*WORK TO COMPLETE*. Copy everything in the data below exactly except the pictures.

(SUPPLIED RECORDS)

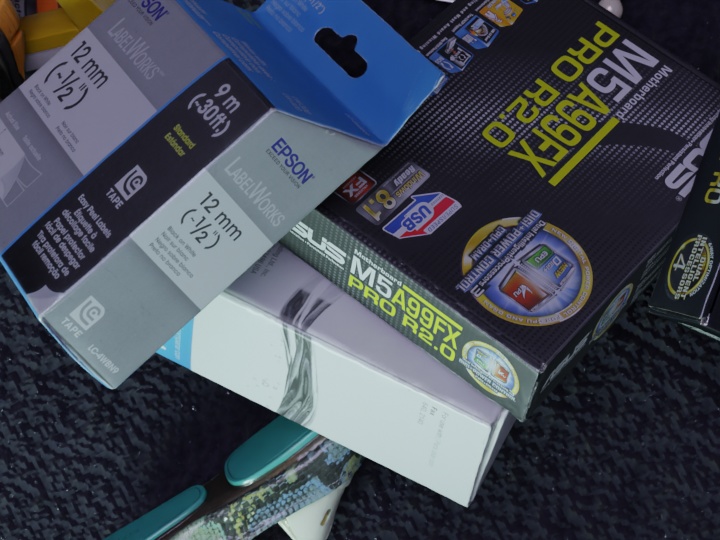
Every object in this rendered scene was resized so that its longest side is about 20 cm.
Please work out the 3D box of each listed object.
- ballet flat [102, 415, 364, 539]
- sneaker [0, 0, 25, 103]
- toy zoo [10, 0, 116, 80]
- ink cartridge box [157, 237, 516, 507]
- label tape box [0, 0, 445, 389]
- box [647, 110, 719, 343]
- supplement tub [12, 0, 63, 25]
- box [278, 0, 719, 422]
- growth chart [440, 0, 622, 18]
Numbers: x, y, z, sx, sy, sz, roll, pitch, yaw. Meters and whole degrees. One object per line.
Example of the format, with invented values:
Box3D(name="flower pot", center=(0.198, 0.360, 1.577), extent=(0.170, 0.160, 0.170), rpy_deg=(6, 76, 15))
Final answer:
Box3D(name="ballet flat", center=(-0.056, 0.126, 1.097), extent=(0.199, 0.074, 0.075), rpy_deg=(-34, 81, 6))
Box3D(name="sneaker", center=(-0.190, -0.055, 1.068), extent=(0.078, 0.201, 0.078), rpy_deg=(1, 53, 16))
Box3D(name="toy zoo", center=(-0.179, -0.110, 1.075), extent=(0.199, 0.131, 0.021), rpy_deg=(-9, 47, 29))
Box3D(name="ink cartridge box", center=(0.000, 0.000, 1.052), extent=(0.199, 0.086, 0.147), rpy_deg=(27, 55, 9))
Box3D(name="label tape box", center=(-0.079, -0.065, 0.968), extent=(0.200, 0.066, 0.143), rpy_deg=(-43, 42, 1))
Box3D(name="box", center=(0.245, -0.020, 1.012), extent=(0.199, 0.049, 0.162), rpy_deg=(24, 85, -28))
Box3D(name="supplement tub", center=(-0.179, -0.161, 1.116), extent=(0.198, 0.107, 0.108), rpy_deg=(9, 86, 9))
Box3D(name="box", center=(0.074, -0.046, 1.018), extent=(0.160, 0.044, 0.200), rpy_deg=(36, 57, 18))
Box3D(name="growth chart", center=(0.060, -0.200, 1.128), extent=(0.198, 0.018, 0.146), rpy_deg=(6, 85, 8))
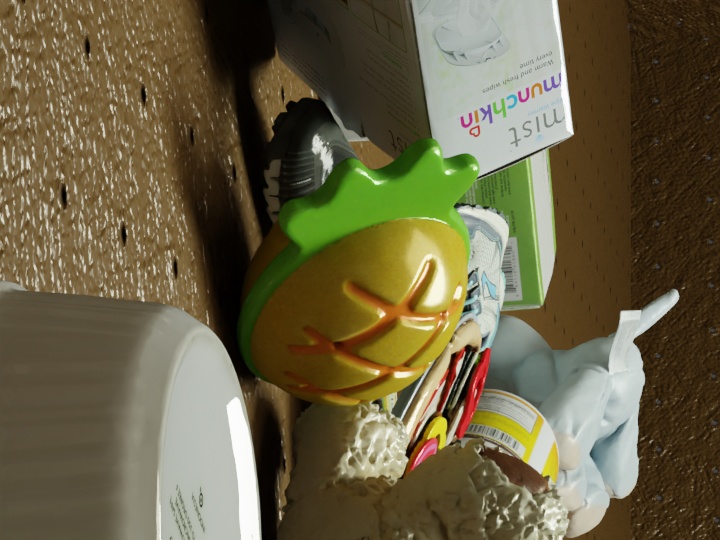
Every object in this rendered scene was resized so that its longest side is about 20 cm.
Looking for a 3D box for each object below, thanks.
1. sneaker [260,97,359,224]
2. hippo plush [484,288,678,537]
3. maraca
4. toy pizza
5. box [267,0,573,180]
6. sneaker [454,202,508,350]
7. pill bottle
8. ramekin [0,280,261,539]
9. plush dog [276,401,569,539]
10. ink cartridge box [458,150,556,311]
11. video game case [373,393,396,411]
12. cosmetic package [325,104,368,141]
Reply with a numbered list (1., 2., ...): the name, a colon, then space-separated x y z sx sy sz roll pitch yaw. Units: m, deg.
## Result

(End SUPPLIED RECORDS)

*RESPONSE BELOW*.
Every object in this rendered scene was resized so that its longest side is about 20 cm.
Please work out the 3D box of each listed object.
- ballet flat [102, 415, 364, 539]
- sneaker [0, 0, 25, 103]
- toy zoo [10, 0, 116, 80]
- ink cartridge box [157, 237, 516, 507]
- label tape box [0, 0, 445, 389]
- box [647, 110, 719, 343]
- supplement tub [12, 0, 63, 25]
- box [278, 0, 719, 422]
- growth chart [440, 0, 622, 18]
Numbers: x, y, z, sx, sy, sz, roll, pitch, yaw. Meters and whole degrees. One object per line.
Example of the format, with invented values:
Box3D(name="flower pot", center=(0.198, 0.360, 1.577), extent=(0.170, 0.160, 0.170), rpy_deg=(6, 76, 15))
Final answer:
Box3D(name="ballet flat", center=(-0.056, 0.126, 1.097), extent=(0.199, 0.074, 0.075), rpy_deg=(-34, 81, 6))
Box3D(name="sneaker", center=(-0.190, -0.055, 1.068), extent=(0.078, 0.201, 0.078), rpy_deg=(1, 53, 16))
Box3D(name="toy zoo", center=(-0.179, -0.110, 1.075), extent=(0.199, 0.131, 0.021), rpy_deg=(-9, 47, 29))
Box3D(name="ink cartridge box", center=(0.000, 0.000, 1.052), extent=(0.199, 0.086, 0.147), rpy_deg=(27, 55, 9))
Box3D(name="label tape box", center=(-0.079, -0.065, 0.968), extent=(0.200, 0.066, 0.143), rpy_deg=(-43, 42, 1))
Box3D(name="box", center=(0.245, -0.020, 1.012), extent=(0.199, 0.049, 0.162), rpy_deg=(24, 85, -28))
Box3D(name="supplement tub", center=(-0.179, -0.161, 1.116), extent=(0.198, 0.107, 0.108), rpy_deg=(9, 86, 9))
Box3D(name="box", center=(0.074, -0.046, 1.018), extent=(0.160, 0.044, 0.200), rpy_deg=(36, 57, 18))
Box3D(name="growth chart", center=(0.060, -0.200, 1.128), extent=(0.198, 0.018, 0.146), rpy_deg=(6, 85, 8))
Every object in this rendered scene was resized so that its longest side is about 20 cm.
Looking for a 3D box for each object below, thanks.
1. sneaker [260,97,359,224]
2. hippo plush [484,288,678,537]
3. maraca
4. toy pizza
5. box [267,0,573,180]
6. sneaker [454,202,508,350]
7. pill bottle
8. ramekin [0,280,261,539]
9. plush dog [276,401,569,539]
10. ink cartridge box [458,150,556,311]
11. video game case [373,393,396,411]
12. cosmetic package [325,104,368,141]
Reply with a numbered list (1., 2., ...): the name, a colon, then space-separated x y z sx sy sz roll pitch yaw. Units: m, deg.
## Result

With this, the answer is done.